Electoral Reform

201104_Issues_ElectoralReform

Originally published October 7, 2015 written by Peter Williamson

The Greens, the NDP and the Liberals, are all promising to review our electoral system if any form a government in the upcoming election. I hope that it happens. However, what “it” will be is not decided, and electoral reform can be complicated. It all depends on which system is chosen. A among industrialized nations, only Canada, the USA, and Britain still retain “first past the post”.

Let’s start with the problems we would like to fix. Many of us are torn between voting for the candidate we most like and the candidate most likely to beat the candidate we least like (but are afraid might get in). We call this voting “with our hearts” versus “strategic voting”, and voters should not be faced with such a choice.

The second problem is that in the last Canadian federal election the Greens got 3.9% of the vote and one seat, while the Conservatives got 39% of the vote and 166 seats. So, the Conservatives got about 16 times as many seats per vote as the Greens. This seems unfair, but without a different system this disproportional representation will continue. I’ll deal with this problem first.

The simple solution, and some countries do this, is to tally all the votes across the country, and then allocate seats in the parliament in proportion to each party’s level of support. So, 20% of the votes get you 20% of the seats.

The problem with this is that it requires each party to rank their preferred candidates; if they are allocated 20 seats, say, then those go to the first 20 names on the list. So, the places near the top of the list go to party hacks and the electorate has no direct say in which particular people represent them. It also means that we’d have to do away with ridings, which means not having our own local member. There are a lot of benefits to having a local member. Some members are quite popular in their own right, rather than as representatives of a particular party. And we have a long tradition of being able to address concerns to our local member. I’d hate to lose that.

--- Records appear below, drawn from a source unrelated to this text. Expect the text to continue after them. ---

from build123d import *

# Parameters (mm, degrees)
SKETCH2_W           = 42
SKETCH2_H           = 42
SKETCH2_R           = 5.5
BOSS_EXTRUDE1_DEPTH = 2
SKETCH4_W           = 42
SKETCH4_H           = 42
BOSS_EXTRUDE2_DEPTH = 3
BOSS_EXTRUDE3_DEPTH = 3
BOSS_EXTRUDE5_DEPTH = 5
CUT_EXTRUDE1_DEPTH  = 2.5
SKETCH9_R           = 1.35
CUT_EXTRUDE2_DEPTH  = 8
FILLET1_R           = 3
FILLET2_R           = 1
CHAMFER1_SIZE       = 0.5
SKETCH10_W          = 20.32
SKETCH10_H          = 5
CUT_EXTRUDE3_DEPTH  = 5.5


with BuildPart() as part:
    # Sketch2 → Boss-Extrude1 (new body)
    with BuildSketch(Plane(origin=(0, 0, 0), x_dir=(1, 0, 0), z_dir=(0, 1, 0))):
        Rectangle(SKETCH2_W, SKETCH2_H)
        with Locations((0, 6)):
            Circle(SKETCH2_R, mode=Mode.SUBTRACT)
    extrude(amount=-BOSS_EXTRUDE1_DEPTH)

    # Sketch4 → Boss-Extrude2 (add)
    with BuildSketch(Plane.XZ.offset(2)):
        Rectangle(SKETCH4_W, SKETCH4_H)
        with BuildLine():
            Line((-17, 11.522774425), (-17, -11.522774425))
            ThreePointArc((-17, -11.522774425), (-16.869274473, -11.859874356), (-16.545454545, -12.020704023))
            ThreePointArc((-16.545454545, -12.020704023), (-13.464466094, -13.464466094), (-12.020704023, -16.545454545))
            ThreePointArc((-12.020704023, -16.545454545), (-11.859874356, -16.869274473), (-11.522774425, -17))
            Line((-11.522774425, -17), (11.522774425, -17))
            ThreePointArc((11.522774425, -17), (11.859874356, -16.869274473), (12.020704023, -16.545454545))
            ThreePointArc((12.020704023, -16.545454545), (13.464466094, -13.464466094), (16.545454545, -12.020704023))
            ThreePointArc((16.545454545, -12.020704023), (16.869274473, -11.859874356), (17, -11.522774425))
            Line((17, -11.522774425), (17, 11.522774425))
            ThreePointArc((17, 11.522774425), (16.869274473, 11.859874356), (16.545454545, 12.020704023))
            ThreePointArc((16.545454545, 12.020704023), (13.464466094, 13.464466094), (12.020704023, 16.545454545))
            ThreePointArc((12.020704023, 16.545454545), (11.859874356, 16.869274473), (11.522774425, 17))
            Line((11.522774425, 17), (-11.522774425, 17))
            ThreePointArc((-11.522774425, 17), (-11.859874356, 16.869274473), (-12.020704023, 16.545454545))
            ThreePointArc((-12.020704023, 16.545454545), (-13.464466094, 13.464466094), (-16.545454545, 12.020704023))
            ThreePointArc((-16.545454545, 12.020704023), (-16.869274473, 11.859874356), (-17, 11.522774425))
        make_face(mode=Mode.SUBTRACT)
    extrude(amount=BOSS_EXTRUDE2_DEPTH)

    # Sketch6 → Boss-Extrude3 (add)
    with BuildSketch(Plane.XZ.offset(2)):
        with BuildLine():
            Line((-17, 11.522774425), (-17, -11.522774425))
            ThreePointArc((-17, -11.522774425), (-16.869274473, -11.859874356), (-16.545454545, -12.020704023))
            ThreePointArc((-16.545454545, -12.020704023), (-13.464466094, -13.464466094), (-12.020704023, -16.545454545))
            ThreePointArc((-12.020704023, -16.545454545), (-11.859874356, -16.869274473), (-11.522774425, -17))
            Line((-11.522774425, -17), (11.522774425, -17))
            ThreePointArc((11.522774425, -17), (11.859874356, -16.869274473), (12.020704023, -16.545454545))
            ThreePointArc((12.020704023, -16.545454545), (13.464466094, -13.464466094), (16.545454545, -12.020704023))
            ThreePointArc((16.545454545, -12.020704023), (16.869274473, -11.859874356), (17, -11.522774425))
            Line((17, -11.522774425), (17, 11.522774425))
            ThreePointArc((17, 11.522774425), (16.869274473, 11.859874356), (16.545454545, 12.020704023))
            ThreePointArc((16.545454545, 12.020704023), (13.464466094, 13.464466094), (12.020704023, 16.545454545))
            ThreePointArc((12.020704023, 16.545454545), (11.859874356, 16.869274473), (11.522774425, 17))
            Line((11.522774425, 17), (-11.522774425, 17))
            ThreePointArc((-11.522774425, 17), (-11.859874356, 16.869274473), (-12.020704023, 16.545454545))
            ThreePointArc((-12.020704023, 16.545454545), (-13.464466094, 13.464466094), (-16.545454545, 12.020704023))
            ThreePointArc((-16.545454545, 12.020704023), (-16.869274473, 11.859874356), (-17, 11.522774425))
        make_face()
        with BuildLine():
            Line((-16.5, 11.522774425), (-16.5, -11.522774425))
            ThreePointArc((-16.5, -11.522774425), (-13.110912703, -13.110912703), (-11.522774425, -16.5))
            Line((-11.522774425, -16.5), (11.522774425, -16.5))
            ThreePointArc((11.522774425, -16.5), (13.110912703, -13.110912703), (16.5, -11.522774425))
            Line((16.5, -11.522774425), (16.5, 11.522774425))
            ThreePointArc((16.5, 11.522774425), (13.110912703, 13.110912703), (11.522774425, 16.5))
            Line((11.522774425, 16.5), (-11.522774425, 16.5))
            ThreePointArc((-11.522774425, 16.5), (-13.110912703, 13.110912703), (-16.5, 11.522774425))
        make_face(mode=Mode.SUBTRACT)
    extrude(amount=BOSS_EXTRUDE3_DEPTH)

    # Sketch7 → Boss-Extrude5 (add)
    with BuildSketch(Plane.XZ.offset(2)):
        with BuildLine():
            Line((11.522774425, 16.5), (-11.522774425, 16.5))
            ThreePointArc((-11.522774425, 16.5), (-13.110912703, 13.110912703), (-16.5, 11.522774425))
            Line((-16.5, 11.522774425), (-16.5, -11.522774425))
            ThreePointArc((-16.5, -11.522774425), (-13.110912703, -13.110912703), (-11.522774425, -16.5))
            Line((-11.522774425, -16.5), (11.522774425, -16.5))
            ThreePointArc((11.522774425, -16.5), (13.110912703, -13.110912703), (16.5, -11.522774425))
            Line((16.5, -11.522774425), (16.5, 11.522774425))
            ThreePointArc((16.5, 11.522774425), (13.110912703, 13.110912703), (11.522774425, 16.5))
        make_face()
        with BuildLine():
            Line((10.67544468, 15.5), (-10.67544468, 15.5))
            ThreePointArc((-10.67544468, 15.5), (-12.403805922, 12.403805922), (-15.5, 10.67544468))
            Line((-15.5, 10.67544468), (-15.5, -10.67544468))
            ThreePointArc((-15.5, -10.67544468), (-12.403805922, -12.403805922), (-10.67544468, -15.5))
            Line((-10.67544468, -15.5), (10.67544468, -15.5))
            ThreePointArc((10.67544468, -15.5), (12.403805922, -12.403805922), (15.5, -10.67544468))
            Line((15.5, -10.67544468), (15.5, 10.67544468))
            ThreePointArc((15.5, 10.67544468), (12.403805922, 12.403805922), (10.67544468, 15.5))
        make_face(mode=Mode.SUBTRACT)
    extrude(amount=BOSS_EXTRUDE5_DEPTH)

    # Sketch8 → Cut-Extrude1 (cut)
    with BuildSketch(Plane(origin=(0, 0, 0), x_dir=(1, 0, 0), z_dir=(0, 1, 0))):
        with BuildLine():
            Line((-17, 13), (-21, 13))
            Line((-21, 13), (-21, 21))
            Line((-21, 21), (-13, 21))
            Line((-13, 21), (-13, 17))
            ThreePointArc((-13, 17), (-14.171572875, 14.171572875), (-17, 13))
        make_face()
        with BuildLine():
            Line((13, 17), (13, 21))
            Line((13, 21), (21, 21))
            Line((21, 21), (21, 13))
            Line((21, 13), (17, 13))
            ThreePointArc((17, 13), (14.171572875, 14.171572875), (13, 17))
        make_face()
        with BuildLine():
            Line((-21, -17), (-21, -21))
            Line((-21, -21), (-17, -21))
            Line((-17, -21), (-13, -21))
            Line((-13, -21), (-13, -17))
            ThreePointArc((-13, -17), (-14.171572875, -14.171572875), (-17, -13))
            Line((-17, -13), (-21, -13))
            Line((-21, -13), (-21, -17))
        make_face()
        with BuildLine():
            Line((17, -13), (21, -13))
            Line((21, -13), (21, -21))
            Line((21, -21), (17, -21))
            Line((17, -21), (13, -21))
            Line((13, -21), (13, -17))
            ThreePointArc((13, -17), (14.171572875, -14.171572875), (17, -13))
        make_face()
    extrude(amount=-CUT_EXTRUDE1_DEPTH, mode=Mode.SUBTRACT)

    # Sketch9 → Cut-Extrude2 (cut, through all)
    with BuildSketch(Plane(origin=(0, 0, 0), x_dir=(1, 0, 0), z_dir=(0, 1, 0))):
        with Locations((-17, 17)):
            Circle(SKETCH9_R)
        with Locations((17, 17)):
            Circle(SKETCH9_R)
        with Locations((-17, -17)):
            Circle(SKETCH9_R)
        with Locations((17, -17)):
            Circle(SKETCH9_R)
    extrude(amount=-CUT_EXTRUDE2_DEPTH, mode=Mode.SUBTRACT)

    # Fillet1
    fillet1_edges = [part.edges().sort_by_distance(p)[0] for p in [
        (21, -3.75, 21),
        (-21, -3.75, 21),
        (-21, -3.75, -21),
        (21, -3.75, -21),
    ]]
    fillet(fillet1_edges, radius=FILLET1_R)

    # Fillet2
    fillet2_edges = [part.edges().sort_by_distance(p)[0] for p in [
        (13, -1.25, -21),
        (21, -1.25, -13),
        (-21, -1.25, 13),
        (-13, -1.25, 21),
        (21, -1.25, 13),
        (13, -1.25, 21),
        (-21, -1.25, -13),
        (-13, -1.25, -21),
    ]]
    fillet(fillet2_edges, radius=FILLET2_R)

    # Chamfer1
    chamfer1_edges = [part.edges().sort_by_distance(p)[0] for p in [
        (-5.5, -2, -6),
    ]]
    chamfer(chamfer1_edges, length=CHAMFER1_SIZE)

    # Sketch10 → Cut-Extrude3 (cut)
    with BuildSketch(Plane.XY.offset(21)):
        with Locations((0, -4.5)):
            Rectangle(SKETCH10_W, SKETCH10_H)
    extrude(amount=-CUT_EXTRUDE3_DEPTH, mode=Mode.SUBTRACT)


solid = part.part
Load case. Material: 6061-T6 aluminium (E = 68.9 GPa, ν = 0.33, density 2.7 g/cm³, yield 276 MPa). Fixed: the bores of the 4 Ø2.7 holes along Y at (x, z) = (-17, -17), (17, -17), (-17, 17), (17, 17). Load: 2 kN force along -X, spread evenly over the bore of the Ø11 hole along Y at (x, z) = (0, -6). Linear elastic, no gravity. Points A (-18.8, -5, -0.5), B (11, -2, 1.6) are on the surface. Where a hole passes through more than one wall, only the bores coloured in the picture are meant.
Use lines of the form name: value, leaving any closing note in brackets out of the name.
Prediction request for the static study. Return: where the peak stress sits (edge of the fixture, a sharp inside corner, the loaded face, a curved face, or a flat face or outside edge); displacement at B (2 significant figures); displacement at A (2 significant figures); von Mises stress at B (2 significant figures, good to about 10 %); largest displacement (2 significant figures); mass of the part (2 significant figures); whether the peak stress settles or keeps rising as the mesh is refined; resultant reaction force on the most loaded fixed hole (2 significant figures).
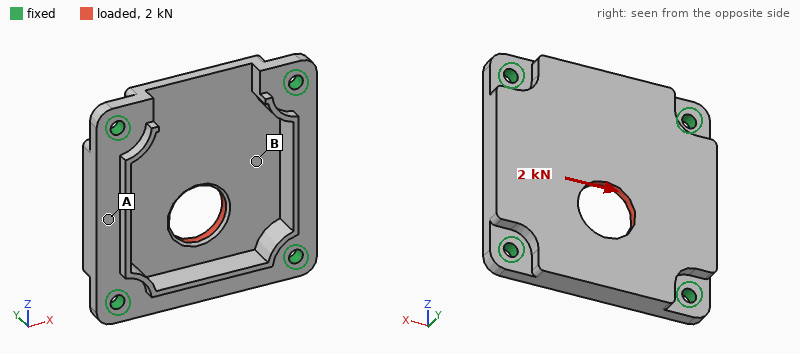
where the peak stress sits: edge of the fixture
displacement at B: 11 µm
displacement at A: 4.9 µm
von Mises stress at B: 23 MPa
largest displacement: 14 µm
mass of the part: 14 g
whether the peak stress settles or keeps rising as the mesh is refined: keeps rising
resultant reaction force on the most loaded fixed hole: 690 N
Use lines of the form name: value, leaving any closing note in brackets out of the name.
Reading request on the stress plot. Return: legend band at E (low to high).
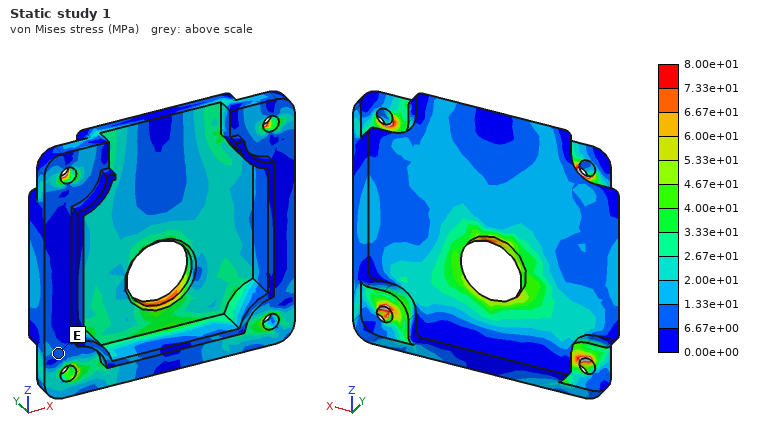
legend band at E: 6.67e+00 to 1.33e+01 MPa
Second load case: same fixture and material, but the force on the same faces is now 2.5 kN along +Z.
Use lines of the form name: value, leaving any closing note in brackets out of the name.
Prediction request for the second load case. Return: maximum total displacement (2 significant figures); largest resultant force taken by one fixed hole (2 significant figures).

maximum total displacement: 25 µm
largest resultant force taken by one fixed hole: 660 N
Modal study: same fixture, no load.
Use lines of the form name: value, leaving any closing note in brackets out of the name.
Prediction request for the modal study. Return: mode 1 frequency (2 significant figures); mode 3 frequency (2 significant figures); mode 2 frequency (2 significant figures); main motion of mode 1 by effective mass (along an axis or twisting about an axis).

There are numerous ways that various countries have tried to get around these problems. Some have super-ridings with up to five members elected from each. Others elect local members, but then allocate additional seats to parties that are under-represented. This creates two classes of members – those elected locally and those added from party lists. I don’t particularly like that, but I think it’s the lesser of two evils.

Now back to the first problem. The head versus heart dilemma is a new one for me. I moved here from Australia where voters in each riding rank candidates in order of preference. If your first choice does not prevail on first count, then your vote is allocated to your second preference. If that candidate has little support, it is passed on to your third, and so on. So your vote is passed down the line until it ends up with one of the two most supported candidates.

In effect, this system allows a voter to support the candidate they like most, while at the same time ensuring that they don’t inadvertently help elect the one they like least.  It’s not particularly complicated, and I never heard any Australian say that they didn’t understand it. It is known as the single transferable vote, or preferential voting, and was the choice in 2009 among members of the BC Citizens’ Assembly on Electoral Reform, but rejected in a province-wide referendum.

We could elect local members using a preferential system and then supplement each party’s total numbers of members from a party list. That way we could vote with our hearts, knowing that we will never have that awful feeling that we have wasted our votes on a candidate who was never going to win anyway. And what’s more, we’ll end up with a parliament that reflects the true level of support for each party across the country.

At this juncture in Canada, a change away from the first past the post system would disadvantage the Conservatives. But, that is only now. In ten years’ time, it might be the Conservatives who benefit from the changes. The Greens, who find it hard to win a riding, but have solid support right across Canada, have the most to gain right now.

In general, these changes would make for a Parliament that requires more cooperation between the parties, and that seldom gives any party an absolute majority. Coalitions would become the norm. That is not a problem; many countries always have coalition governments. Most importantly, it will bring new legitimacy to government, and an end to governments being elected with barely one third of the vote. That is bound to be a good thing.

The time has come for a system that reflects the values of a wider range of Canadians. I hope that you will think about electoral reform as part of your voting decision.